The wife: She left to do paperwork for a doctor’s office each morning at 9, worked eight hours and then drove straight to the restaurant to manage the night shift. She waited tables, washed dishes and drove back home at 3 a.m., speeding down the empty freeway with Spanish music blasting and the windows down, hoping the air would keep her awake.

The older son: He was working two jobs. His parents told him that any money he earned was his to spend, but instead he paid for their light bill, bought his brother a video game and surprised his dad on his birthday with $200 work boots. He told his mother he was going to save up and buy her another house so they could move out of their two-bedroom rental.

The younger son: He was dragged from job to job during the summer. He washed paintbrushes for his dad, steadied the ladder and helped fetch tools. When clients came to look over their work, his father asked him to walk around the block or sit alone in the building lobby so they wouldn’t think he had been wasting time baby-sitting.

The father: “I’ll take Alejandro with me,” he said now, at the restaurant.

The place was getting busy. His wife waved goodbye. “We’ll be home late,” she said.

“Us, too,” he said, and he walked with Alejandro back to the truck.

Morales woke up early the next morning to beat traffic on his way to Centreville. He wore what he called his “clean jeans,” tucking a calculator in one pocket and a notebook in the other.

He pulled up to the house, and the owner walked outside to greet him. He wore a button-up shirt with a cellphone clipped to his belt. “Your guys did a good job on the power wash,” he said.

“Oh, yes, thank you,” Morales said. “They did.”

He took out his phone to show his before-and-after pictures, and the owner glanced at them quickly. “Guess it was dirty, huh?” he said. He gestured for Morales to follow him into the house. “I’ve got a few more people coming over to talk about the painting this afternoon,” he said, “but you can look around and give an estimate, too.”

Morales spent the next 30 minutes touring the house, running his hand against the walls and drawing a schematic diagram in his notebook.
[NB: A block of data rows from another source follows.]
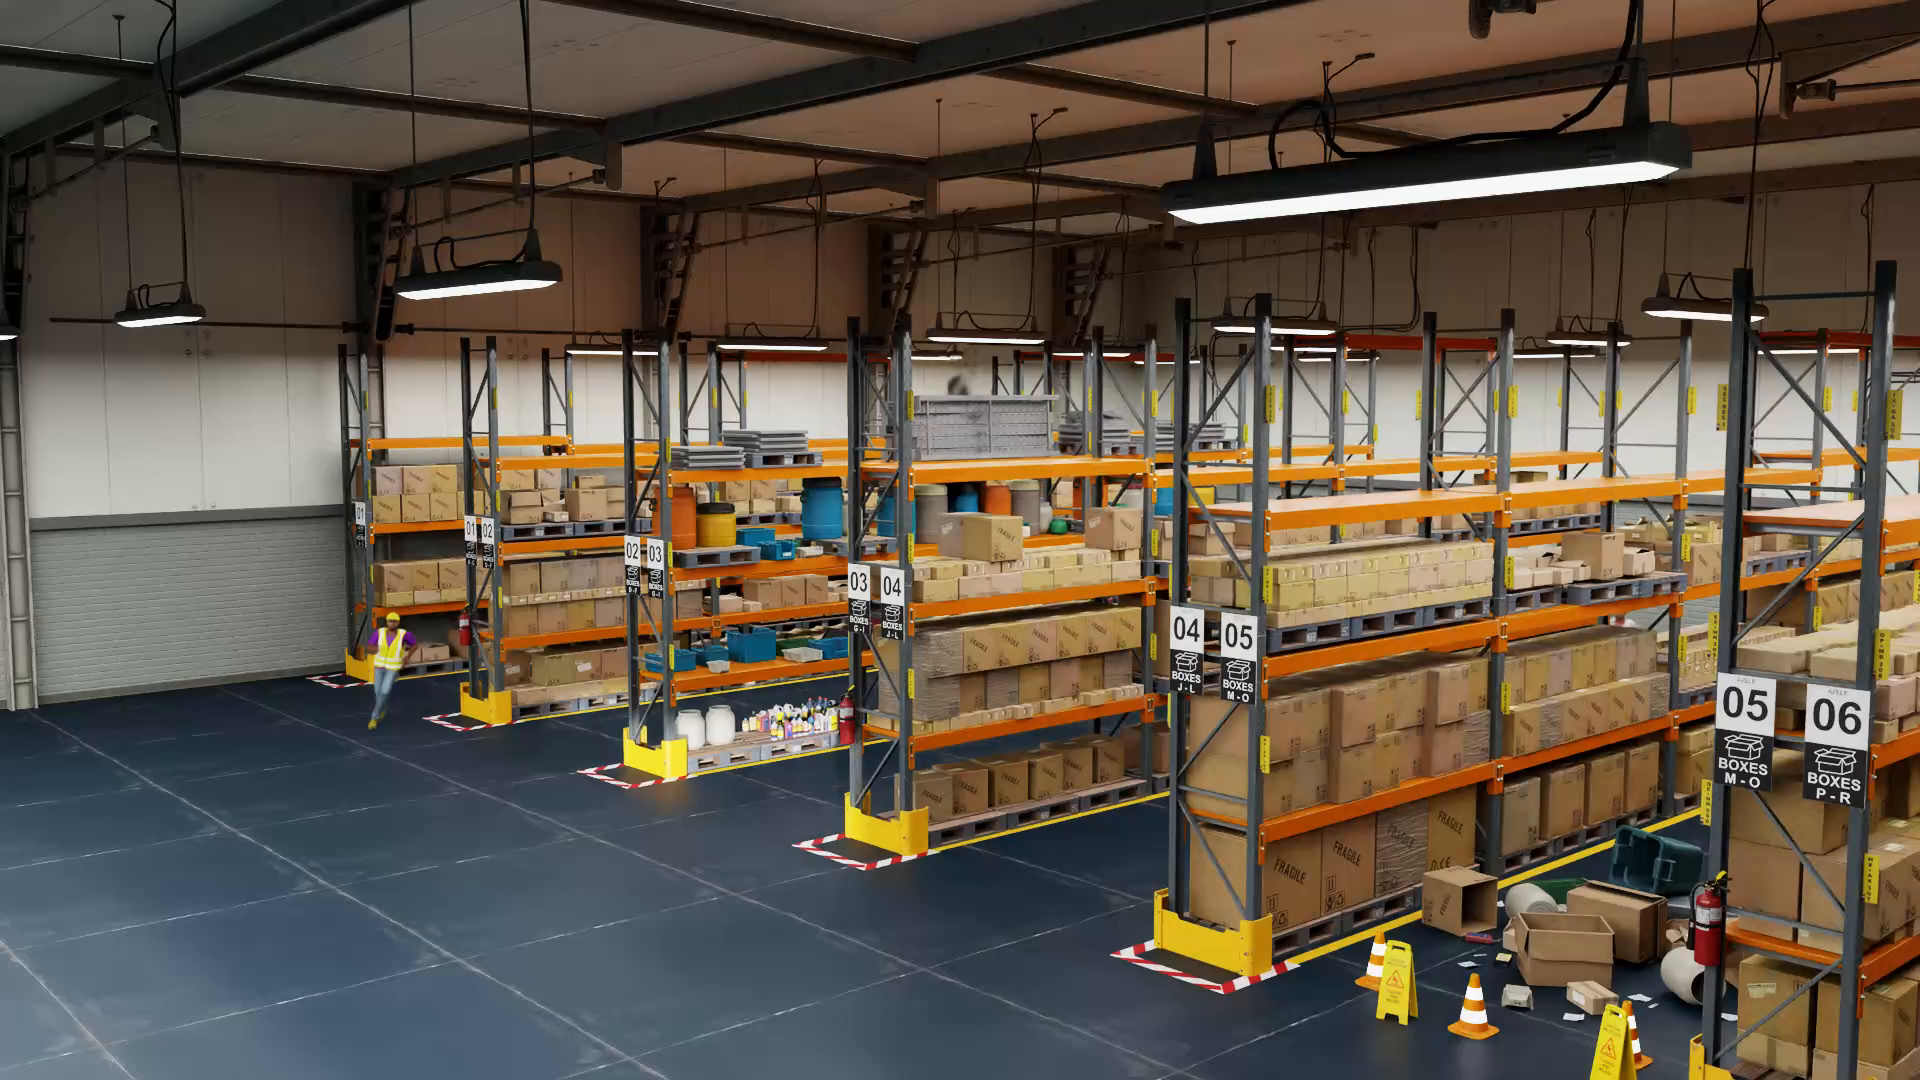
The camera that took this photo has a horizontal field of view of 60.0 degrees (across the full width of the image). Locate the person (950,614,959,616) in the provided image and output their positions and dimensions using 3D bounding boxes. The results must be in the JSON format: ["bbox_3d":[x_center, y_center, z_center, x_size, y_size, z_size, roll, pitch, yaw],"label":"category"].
[{"bbox_3d":[-0.116,1.365,29.503,0.635,1.783,0.781,4,7,39],"label":"person"}]

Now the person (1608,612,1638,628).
[{"bbox_3d":[10.637,1.882,26.712,0.615,1.786,0.996,4,7,40],"label":"person"}]

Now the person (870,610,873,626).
[{"bbox_3d":[-2.003,1.263,34.513,0.571,1.707,0.822,4,7,38],"label":"person"}]

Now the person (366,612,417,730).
[{"bbox_3d":[-8.824,1.988,25.755,0.704,1.767,0.865,0,5,0],"label":"person"}]

Everything he saw was a potential job: a bathtub in need of caulking, a worn countertop, a filthy stove. He narrated his findings as the owner followed behind.

“We can take care of this,” he said.

“We will paint your deck for free, as our gift.”

The owner thanked Morales for his time and walked him to the front door. Morales told him he would make his calculations and then email the estimate. “I will send you references,” he said. “Do you want two, three, four?”

The owner shrugged. “Sure,” he said.

Morales walked outside, sat in the truck and added up the numbers. It was a big house, three floors and 12 rooms to prime and paint. The owner also wanted the carpets cleaned, the roof repaired, the deck stained, the refrigerator scrubbed. The price of paint had gone up 30 percent in the past year, and Morales also needed to pay for his painter, insurance and licensing fees.

If he bid too high, he would lose the job to another painter. If he bid too low, he would make next to nothing.

“The total is $3785.15,” he wrote in his email. He had learned that clients appreciated exactness. “We can start as soon as you are ready. Please let me know your decision. We thank you.”

He sat in his truck and waited. He checked his email. Nothing. “This job is not much, but now I need it,” he said. It would keep him on the fringes of the economy as a self-employed painter for another week. It would pay the rent on his family’s downsized apartment.

It would allow him to maintain the lifestyle he had come to accept.

He checked again. One new message.

“OK,” it read. “We have a deal.”

Editors: Four photos

bc-marginal (TPN)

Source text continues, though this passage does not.